[Intel-xe] [PATCH 7/9] drm/xe: Use pat_index to encode pte
Lucas De Marchi
lucas.demarchi at intel.com
Tue Sep 26 14:59:57 UTC 2023
On Mon, Sep 25, 2023 at 04:27:20PM -0700, Matt Roper wrote:
>On Mon, Sep 25, 2023 at 03:10:47PM -0700, Lucas De Marchi wrote:
>> Change the xelp_pte_encode() function to use the platform-dependent
>> pat_index. The same function can be used for all platforms as they only
>> need to encode the pat_index bits in the same pte layout.
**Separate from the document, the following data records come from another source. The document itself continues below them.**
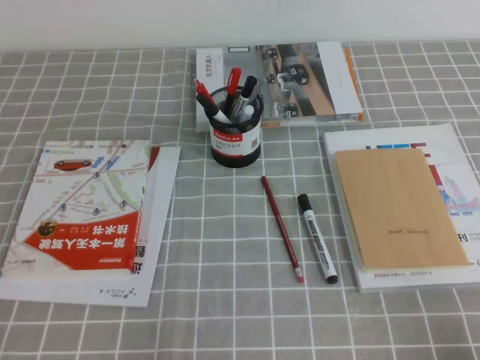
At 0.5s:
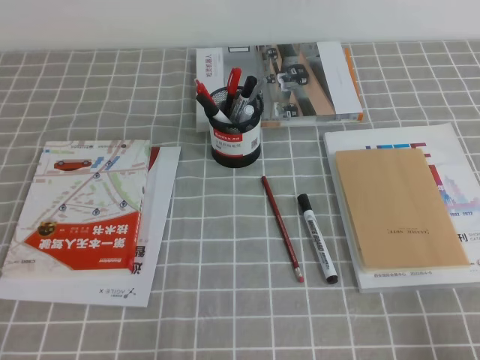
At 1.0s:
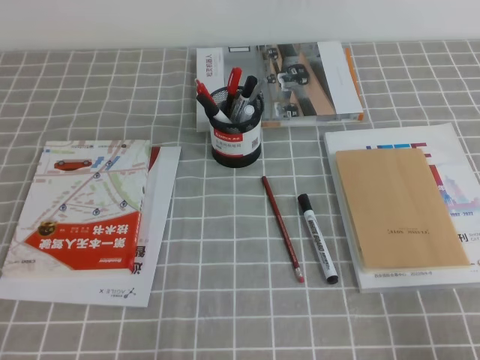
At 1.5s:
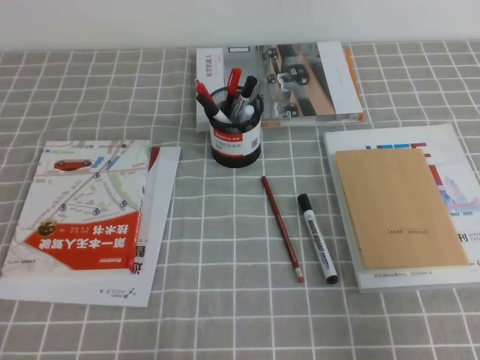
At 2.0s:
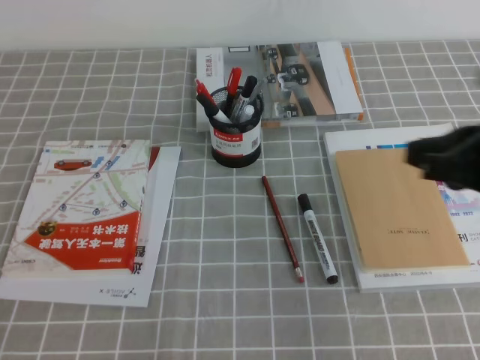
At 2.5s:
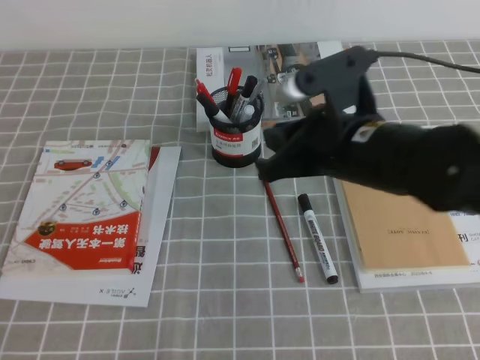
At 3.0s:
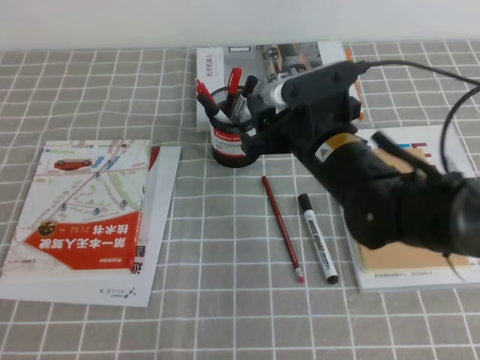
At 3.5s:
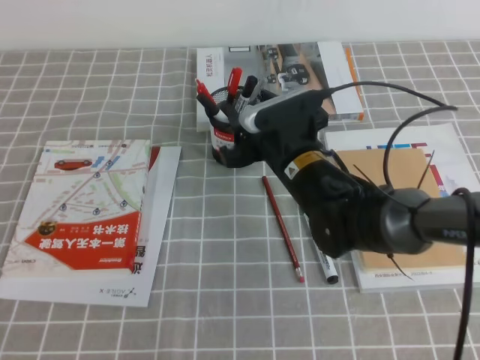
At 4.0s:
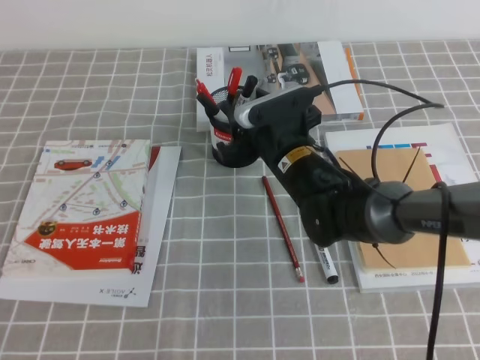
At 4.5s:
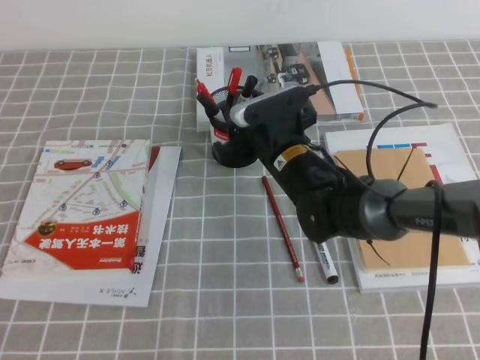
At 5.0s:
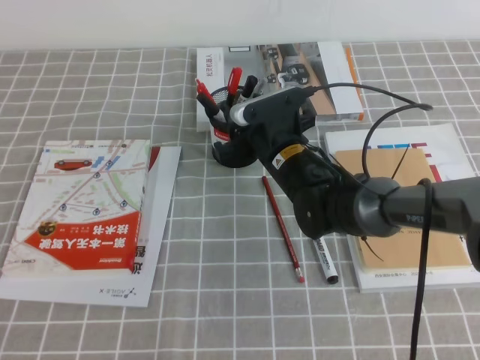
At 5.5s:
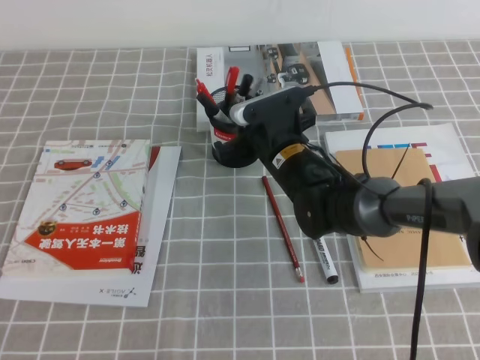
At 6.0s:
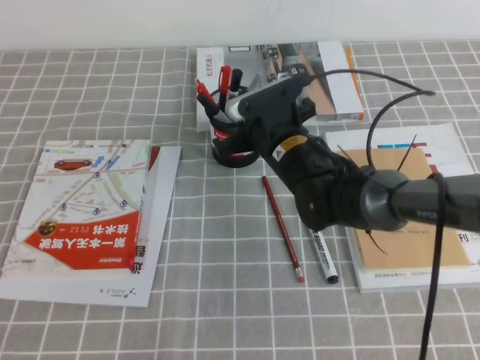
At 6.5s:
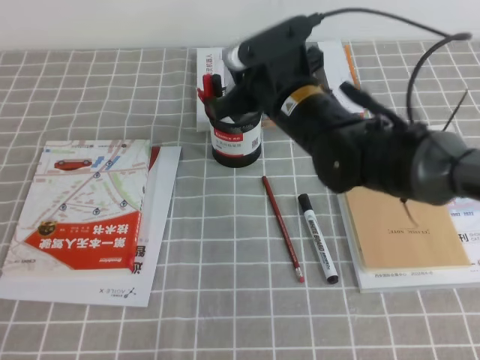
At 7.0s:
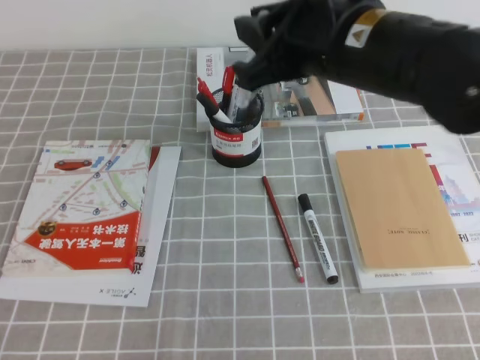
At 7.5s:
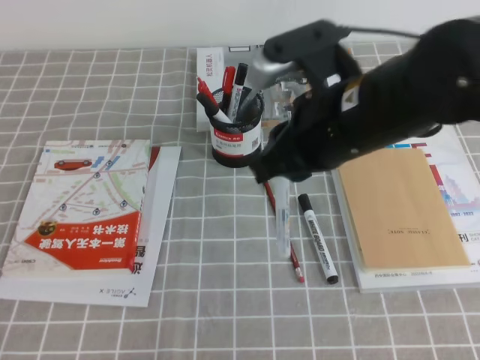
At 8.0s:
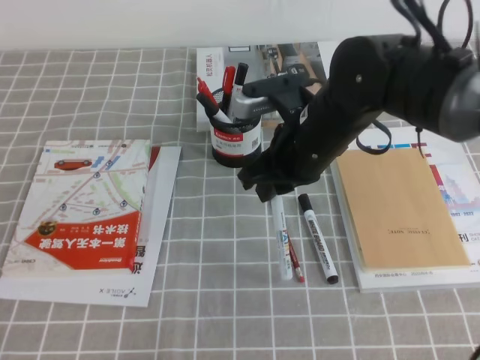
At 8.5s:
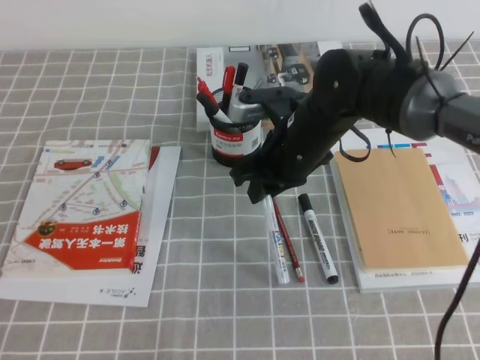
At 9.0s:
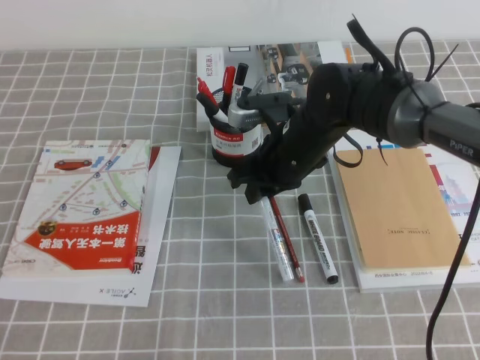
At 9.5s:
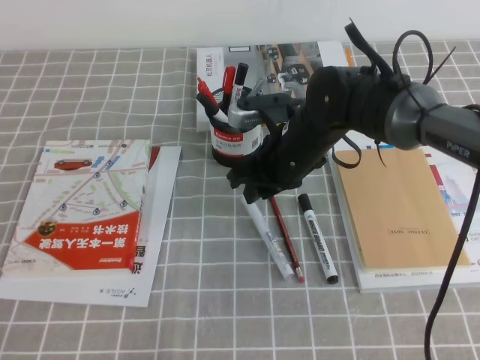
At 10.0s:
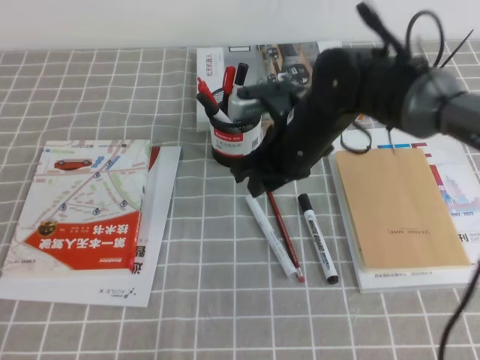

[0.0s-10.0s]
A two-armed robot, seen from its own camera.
0.0s to 2.0s: The right gripper heads forward, upward and to the left, covering about 25 cm.
2.0s to 4.0s: The right gripper goes approximately 30 cm to the left, forward and downward, and opens up.
4.0s to 6.0s: The right gripper closes its fingers.
6.0s to 8.0s: The right gripper is displaced upward and backward by approximately 10 cm.

For platforms
>> that don't have the most significant bit, as long as they don't return a
>> bogus index they should be fine.
>>
>> To maintain consistency, also add xe argument to pde_encode_cache().
>> This will be needed for Xe2 later.
>>
>> Signed-off-by: Lucas De Marchi <lucas.demarchi at intel.com>
>> ---
>> drivers/gpu/drm/xe/xe_bo.h | 11 ++++---
>> drivers/gpu/drm/xe/xe_migrate.c | 6 ++--
>> drivers/gpu/drm/xe/xe_pt_types.h | 4 ++-
>> drivers/gpu/drm/xe/xe_vm.c | 50 +++++++++++++++++++-------------
>> 4 files changed, 44 insertions(+), 27 deletions(-)
>>
>> diff --git a/drivers/gpu/drm/xe/xe_bo.h b/drivers/gpu/drm/xe/xe_bo.h
>> index e3c90d45e723..885412581158 100644
>> --- a/drivers/gpu/drm/xe/xe_bo.h
>> +++ b/drivers/gpu/drm/xe/xe_bo.h
>> @@ -39,10 +39,13 @@
>> #define XE_BO_INTERNAL_TEST BIT(30)
>> #define XE_BO_INTERNAL_64K BIT(31)
>>
>> -#define PPAT_UNCACHED GENMASK_ULL(4, 3)
>> -#define PPAT_CACHED_PDE 0
>> -#define PPAT_CACHED BIT_ULL(7)
>> -#define PPAT_DISPLAY_ELLC BIT_ULL(4)
>> +#define XE_PPGTT_PDE_UNCACHED GENMASK_ULL(4, 3)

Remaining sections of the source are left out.